ChiTData should be a 2 x 93 matrix and
MvsBData a 71 x 3 matrix. After you defined, as usual your spin system in
Sys and the parameters to vary in
Vary, the following will allow to fit both quantities together:
% combine all data in 1-row array fitdata = [ChiTData(:); MvsBData(:)]; % Temperatures and field for magnetic susceptibilty: Exp.chiTemperature =[2:0.5:20 25:5:300]; Exp.chiField =[100,500]; % Temperatures and field for magnetic moment Exp.mTemperature =[2,5,10]; Exp.mField =0:100:7000; % set output to ChiT and MvsB in 1-coloumn array Opt.Output = 'ChiTCGs MvsB OneColoumn'; % no scaling!
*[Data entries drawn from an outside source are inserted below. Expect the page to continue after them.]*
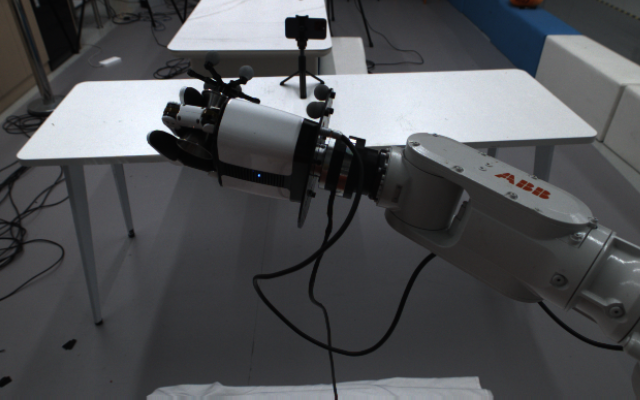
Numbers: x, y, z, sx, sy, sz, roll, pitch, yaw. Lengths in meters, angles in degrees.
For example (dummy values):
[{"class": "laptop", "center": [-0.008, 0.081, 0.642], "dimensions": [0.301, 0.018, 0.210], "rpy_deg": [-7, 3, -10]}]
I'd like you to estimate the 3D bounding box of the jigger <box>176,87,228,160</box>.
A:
[{"class": "jigger", "center": [-0.127, -0.087, 0.547], "dimensions": [0.043, 0.043, 0.071], "rpy_deg": [15, 70, 18]}]

Assuming correct diamagnetic corrections and % sample weight measure the absolute value contain valuable information! FitOpt.Scaling = 'none'; % Let's go and hope for the best! esfit('curry',fitdata,Sys,Vary,Exp,Opt,FitOpt);
For more details on least-squares fitting, see the corresponding user guide and the reference page on esfit. We also put up an example for fitting magnetometry data.